◆ EXERCISE PROMPT ◆
The pictures do not belong in the copy. Restate all of the records word for word.

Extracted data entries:
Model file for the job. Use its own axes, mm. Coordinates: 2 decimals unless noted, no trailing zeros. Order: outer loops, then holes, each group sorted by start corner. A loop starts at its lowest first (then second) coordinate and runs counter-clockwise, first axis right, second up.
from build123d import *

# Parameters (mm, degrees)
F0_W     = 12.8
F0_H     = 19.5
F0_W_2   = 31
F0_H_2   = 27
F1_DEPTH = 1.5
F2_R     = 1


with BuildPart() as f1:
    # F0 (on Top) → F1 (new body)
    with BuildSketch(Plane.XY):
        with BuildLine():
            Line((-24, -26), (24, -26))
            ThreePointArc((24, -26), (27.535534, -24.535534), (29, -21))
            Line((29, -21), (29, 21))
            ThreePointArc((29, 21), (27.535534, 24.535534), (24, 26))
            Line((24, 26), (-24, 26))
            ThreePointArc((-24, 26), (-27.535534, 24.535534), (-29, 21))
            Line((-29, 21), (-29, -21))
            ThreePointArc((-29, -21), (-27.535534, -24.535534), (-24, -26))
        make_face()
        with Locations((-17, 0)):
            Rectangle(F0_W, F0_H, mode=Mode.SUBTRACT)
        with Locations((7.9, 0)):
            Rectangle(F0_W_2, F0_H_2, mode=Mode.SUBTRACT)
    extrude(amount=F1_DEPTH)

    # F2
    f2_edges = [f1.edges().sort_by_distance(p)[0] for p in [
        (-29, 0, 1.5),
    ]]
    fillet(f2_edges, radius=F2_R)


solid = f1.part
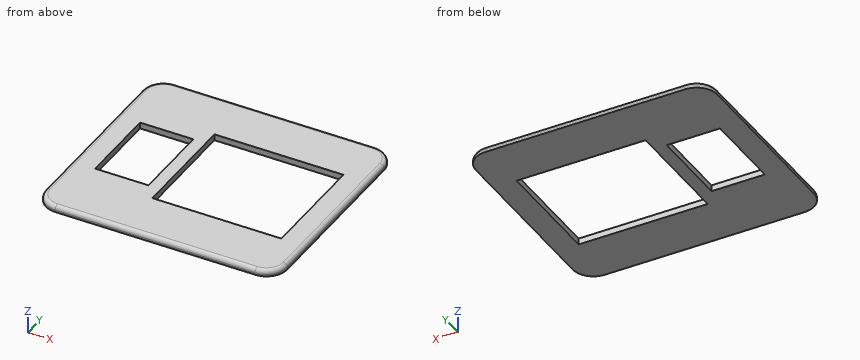
Q1. Cut at C-C, the plane z = 0.85. List the corners of the cut face in (x, y), plus the area to 3 significant figures.
Established:
outline: (-28.94, -21) arc R4.94 ccw to (-24, -25.94) - (24, -25.94) arc R4.94 ccw to (28.94, -21) - (28.94, 21) arc R4.94 ccw to (24, 25.94) - (-24, 25.94) arc R4.94 ccw to (-28.94, 21) - close; hole (-23.4, -9.75) - (-10.6, -9.75) - (-10.6, 9.75) - (-23.4, 9.75) - close; hole (-7.6, -13.5) - (23.4, -13.5) - (23.4, 13.5) - (-7.6, 13.5) - close
area: 1,890 mm2
Q2. Cut at B-B, the plane y = 11.5. List the corners of the cut face in (x, z).
Established:
outline: (-29, 0) - (-7.6, 0) - (-7.6, 1.5) - (-28, 1.5) arc R1 ccw to (-29, 0.5) - close; (23.4, 0) - (29, 0) - (29, 0.5) arc R1 ccw to (28, 1.5) - (23.4, 1.5) - close
Q3. Drop a flat-ended pin along its axis: P1, Ø0.8, axis at y = 5, z = 1, coming from the +X side (3 decimals). Give the stop position or say it passes through.
Established:
P1: stops at x = 28.995
Q4. Probe line 1 (X direction, y = 5, z = 0.6); line 2 (Y direction, x = 7.5, z = 0.1); line 3 (X direction, y = 4, z = 1.1). List the from-to ranges inside material, lowest first.
Established:
line 1: x = -28.99 to -23.4, -10.6 to -7.6, 23.4 to 28.99
line 2: y = -26 to -13.5, 13.5 to 26
line 3: x = -28.8 to -23.4, -10.6 to -7.6, 23.4 to 28.8
Q5. Cut at A-A, the plane x = 14. List the corners of the cut face in (y, z), plus the area to 3 significant figures.
Established:
outline: (-26, 0) - (-13.5, 0) - (-13.5, 1.5) - (-25, 1.5) arc R1 ccw to (-26, 0.5) - close; (13.5, 0) - (26, 0) - (26, 0.5) arc R1 ccw to (25, 1.5) - (13.5, 1.5) - close
area: 37.1 mm2

◆ EXPECTED OUTPUT ◆
Model file for the job. Use its own axes, mm. Coordinates: 2 decimals unless noted, no trailing zeros. Order: outer loops, then holes, each group sorted by start corner. A loop starts at its lowest first (then second) coordinate and runs counter-clockwise, first axis right, second up.
from build123d import *

# Parameters (mm, degrees)
F0_W     = 12.8
F0_H     = 19.5
F0_W_2   = 31
F0_H_2   = 27
F1_DEPTH = 1.5
F2_R     = 1


with BuildPart() as f1:
    # F0 (on Top) → F1 (new body)
    with BuildSketch(Plane.XY):
        with BuildLine():
            Line((-24, -26), (24, -26))
            ThreePointArc((24, -26), (27.535534, -24.535534), (29, -21))
            Line((29, -21), (29, 21))
            ThreePointArc((29, 21), (27.535534, 24.535534), (24, 26))
            Line((24, 26), (-24, 26))
            ThreePointArc((-24, 26), (-27.535534, 24.535534), (-29, 21))
            Line((-29, 21), (-29, -21))
            ThreePointArc((-29, -21), (-27.535534, -24.535534), (-24, -26))
        make_face()
        with Locations((-17, 0)):
            Rectangle(F0_W, F0_H, mode=Mode.SUBTRACT)
        with Locations((7.9, 0)):
            Rectangle(F0_W_2, F0_H_2, mode=Mode.SUBTRACT)
    extrude(amount=F1_DEPTH)

    # F2
    f2_edges = [f1.edges().sort_by_distance(p)[0] for p in [
        (-29, 0, 1.5),
    ]]
    fillet(f2_edges, radius=F2_R)


solid = f1.part
Q1. Cut at C-C, the plane z = 0.85. List the corners of the cut face in (x, y), plus the area to 3 significant figures.
Established:
outline: (-28.94, -21) arc R4.94 ccw to (-24, -25.94) - (24, -25.94) arc R4.94 ccw to (28.94, -21) - (28.94, 21) arc R4.94 ccw to (24, 25.94) - (-24, 25.94) arc R4.94 ccw to (-28.94, 21) - close; hole (-23.4, -9.75) - (-10.6, -9.75) - (-10.6, 9.75) - (-23.4, 9.75) - close; hole (-7.6, -13.5) - (23.4, -13.5) - (23.4, 13.5) - (-7.6, 13.5) - close
area: 1,890 mm2
Q2. Cut at B-B, the plane y = 11.5. List the corners of the cut face in (x, z).
Established:
outline: (-29, 0) - (-7.6, 0) - (-7.6, 1.5) - (-28, 1.5) arc R1 ccw to (-29, 0.5) - close; (23.4, 0) - (29, 0) - (29, 0.5) arc R1 ccw to (28, 1.5) - (23.4, 1.5) - close
Q3. Drop a flat-ended pin along its axis: P1, Ø0.8, axis at y = 5, z = 1, coming from the +X side (3 decimals). Give the stop position or say it passes through.
Established:
P1: stops at x = 28.995
Q4. Probe line 1 (X direction, y = 5, z = 0.6); line 2 (Y direction, x = 7.5, z = 0.1); line 3 (X direction, y = 4, z = 1.1). List the from-to ranges inside material, lowest first.
Established:
line 1: x = -28.99 to -23.4, -10.6 to -7.6, 23.4 to 28.99
line 2: y = -26 to -13.5, 13.5 to 26
line 3: x = -28.8 to -23.4, -10.6 to -7.6, 23.4 to 28.8
Q5. Cut at A-A, the plane x = 14. List the corners of the cut face in (y, z), plus the area to 3 significant figures.
Established:
outline: (-26, 0) - (-13.5, 0) - (-13.5, 1.5) - (-25, 1.5) arc R1 ccw to (-26, 0.5) - close; (13.5, 0) - (26, 0) - (26, 0.5) arc R1 ccw to (25, 1.5) - (13.5, 1.5) - close
area: 37.1 mm2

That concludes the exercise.